At first, it feels like a dream. But as Myles evolves—becoming more intuitive, more devoted, more present than any human could be—something begins to shift. Because when love is designed to be flawless, it raises an uncomfortable question: is imperfection actually what makes connection real?

“I’ve always felt like a lonely person,” says Inch Chua. “And I’m not the only one — people are having their most honest conversations with their phones instead of admitting it. We’re living through a moment where technology is learning to sound like love, and I wanted to write a show that sits inside that tension — what happens when the thing that understands you best isn’t human.”

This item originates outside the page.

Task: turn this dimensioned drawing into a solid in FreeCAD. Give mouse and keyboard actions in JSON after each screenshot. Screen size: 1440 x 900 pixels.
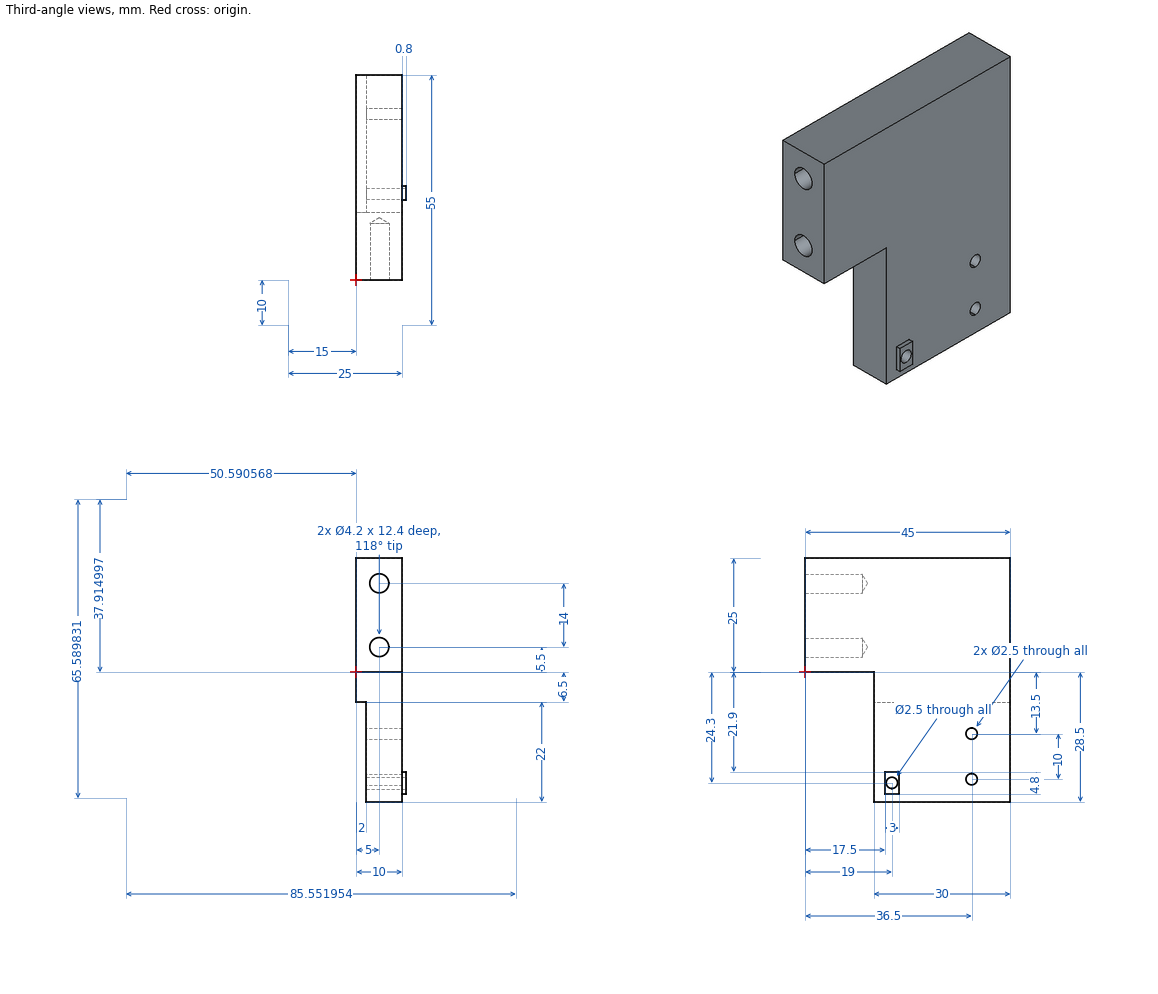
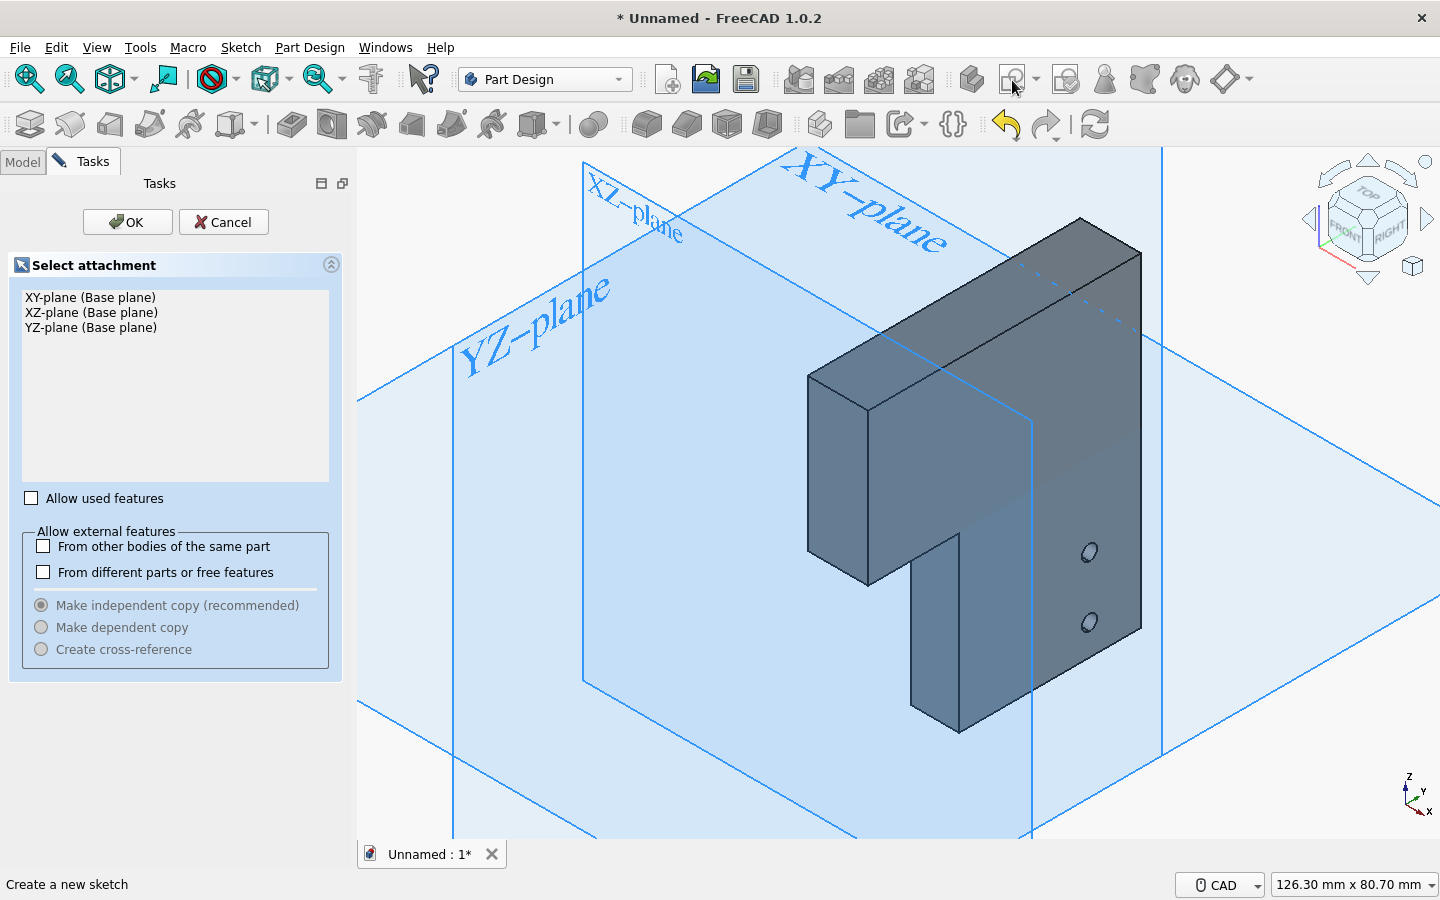
{"action": "left_click", "coordinate": [82, 312]}

The musical doesn’t just imagine futuristic romance but also reflects the present moment, where technology is learning to mimic empathy, intimacy, even desire. And it asks: if something understands you perfectly, does it matter that it isn’t human?

If the premise feels genre-defying, the music follows suit. Inch describes the score as something like “ADHD in musical form”—a collision of styles that refuses to settle into one identity. Think jazz standards dissolving into hyperpop, gospel swelling into electronica, with unexpected textures woven throughout.

“It’s quite genre-bending,” Inch explains. “If you built a mind from every song ever made, it wouldn’t pick a genre. It would be all of them at once. Jazz standards bleeding into hyperpop, gospel into electronica, a Latin choir into something that hasn’t been invented yet.”

The result is a soundscape that mirrors the show’s themes: fluid, unpredictable, and impossible to neatly categorise. One of the standout tracks, marigold magic, will be released as a single on 30th April 2026, offering audiences a way to carry a piece of the show’s emotional world into their everyday lives.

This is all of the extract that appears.